Build - Ivy
Ivy is a tool for managing (recording, tracking, resolving and reporting) project dependencies.
Setup
Download
unpack zip file -> copy the jar file into ANT_HOME/lib
Run
If you use ant 1.6.0 or superior, you can then simply:
go to the src/example/hello-ivy
dir and run ant
(if the build is successful, you have successfully installed Ivy!)
Repository
- Local
- Shared
- Public
Resolver
Function
- decide network or file-system protocol to access the repository
- locate and fetch the Ivy file/artifacts which may follow different layout/naming in different repositories
There are two types of resolvers:
- standard – these resolvers are used by Ivy for actual resolve task
- composite – these resolvers delegate the work to standard resolvers
Default Resolvers:
local standard Filesystem resolver points to $HOME/.ivy2/local
shared standard Filesystem resolver points to $HOME/.ivy2/shared
public standard Ibiblio resolver points http://repo1.maven.org/maven2
main composite Chain and Dual resolver to shared and public
default composite Chain resolver to local and main
Searching Priority:
- first tries the local
- on failure looks for shared
- finally public
Ant-Ivy Tasks
- Resolve: Resolves the dependencies described in ivy.xml and places the resolved dependencies in ivy cache.
- Retrieve: Copies the resolved dependencies from cache to a specified directory.
- Install: Installs a module to a specified repository.
- Publish: Publish a module to a repository.
Workflow
- http://www.codetab.org/apache-ivy-tutorial/apache-ivy-ant-tasks/
- http://ant.apache.org/ivy/history/latest-milestone/tutorial/defaultconf.html
Dependency Management
Ivy uses the maven 2 repository by default.
- One Project, default local repository (download from m2)
- One Project, local repository (external jars)
- One Project, local (jars) + public repository (cloud repo)
- Multiple Project dependency
Using Ivy Module Configuration
It allows you to group artifacts and give the group a meaning.
For example, you have a project with 2 parts: A and B. Alice have another project with 3 parts: Alice-X, Alice-Y, Alice-Z.
- Alice-X just needs A.
- Alice-Y just needs B.
- Alice-Z needs A and B.
So you create a module configuration:
- only-a
- only-b
- both-a-and-b.
e.g. your project ivy.xml
<ivy-module version="1.0">
<info organisation="org.apache" module="my-project"/>
<configurations>
<conf name="only-a" description="only provide part a"/>
<conf name="only-b" description="only provide part b"/>
<conf name="both-a-and-b" extends="only-a; only-b" description="provide both part a and b"/>
</configurations>
<publications>
<artifact name="my-project-part-a" type="jar" conf="only-a" ext="jar"/>
<artifact name="my-project-part-b" type="jar" conf="only-b" ext="jar"/>
</publications>
<dependencies>
<dependency org="junit" name="junit" rev="3.8"/>
</dependencies>
</ivy-module>
When Alice pull dependencies from your project, she can specify which part they want.
- Alice-X want only-a
- Alice-Y want only-b
- Alice-Z want both-a-and-b
e.g.
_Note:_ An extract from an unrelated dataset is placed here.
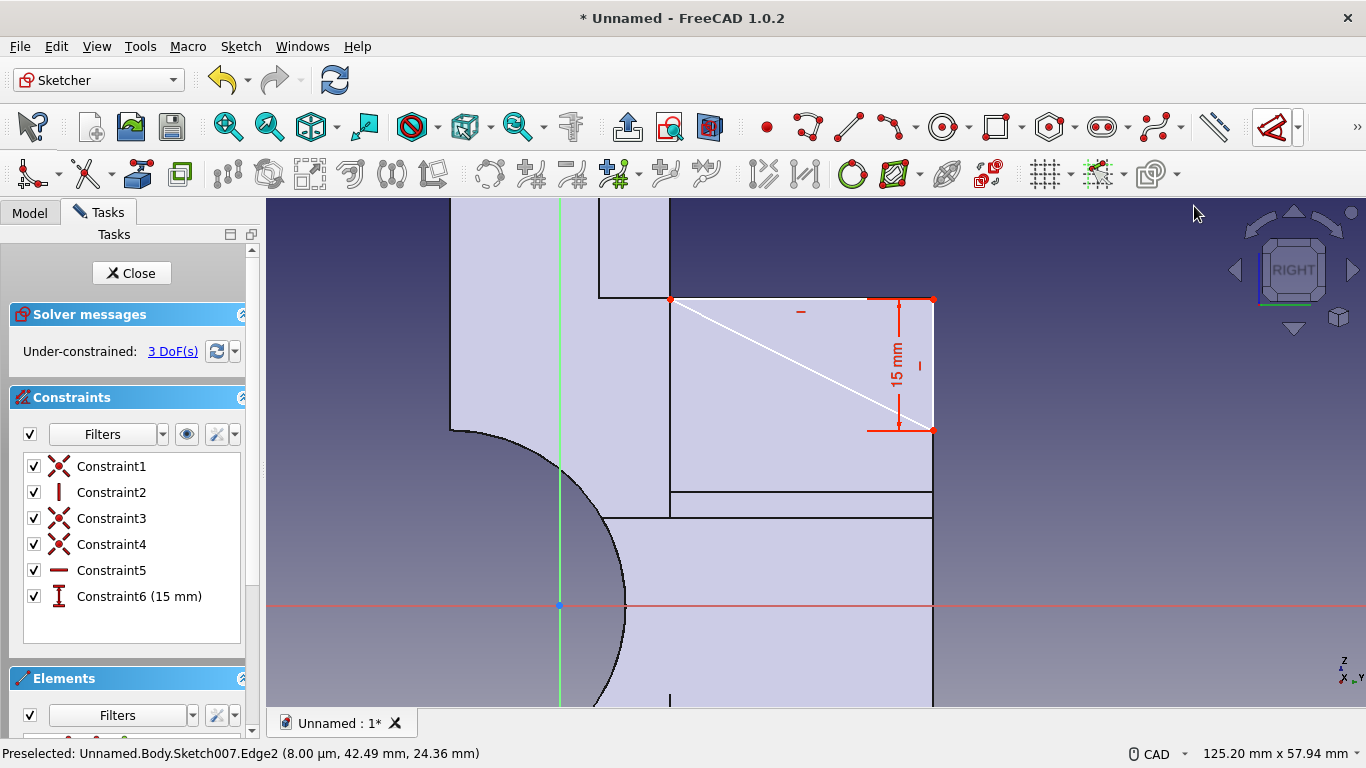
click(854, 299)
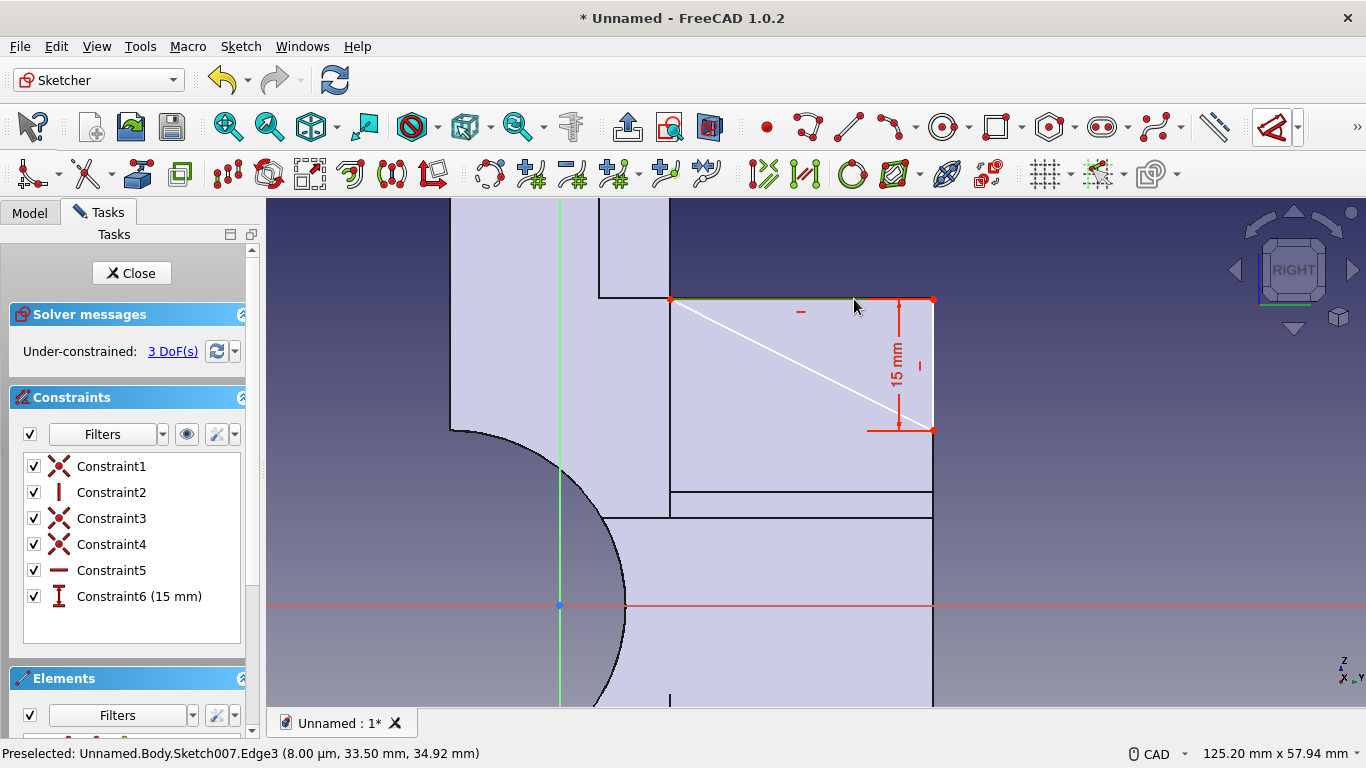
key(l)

Alice’s project ivy.xml
<ivy-module version="1.0">
<info organisation="org.apache" module="alice-app"/>
<configurations>
<conf name="alice-x" visibility="private" description="only need A" />
<conf name="alice-y" description="only need B" />
<conf name="alice-z" description="need A and B" />
</configurations>
<dependencies>
<dependency org="org.apache" name="filter-framework" rev="latest.integration"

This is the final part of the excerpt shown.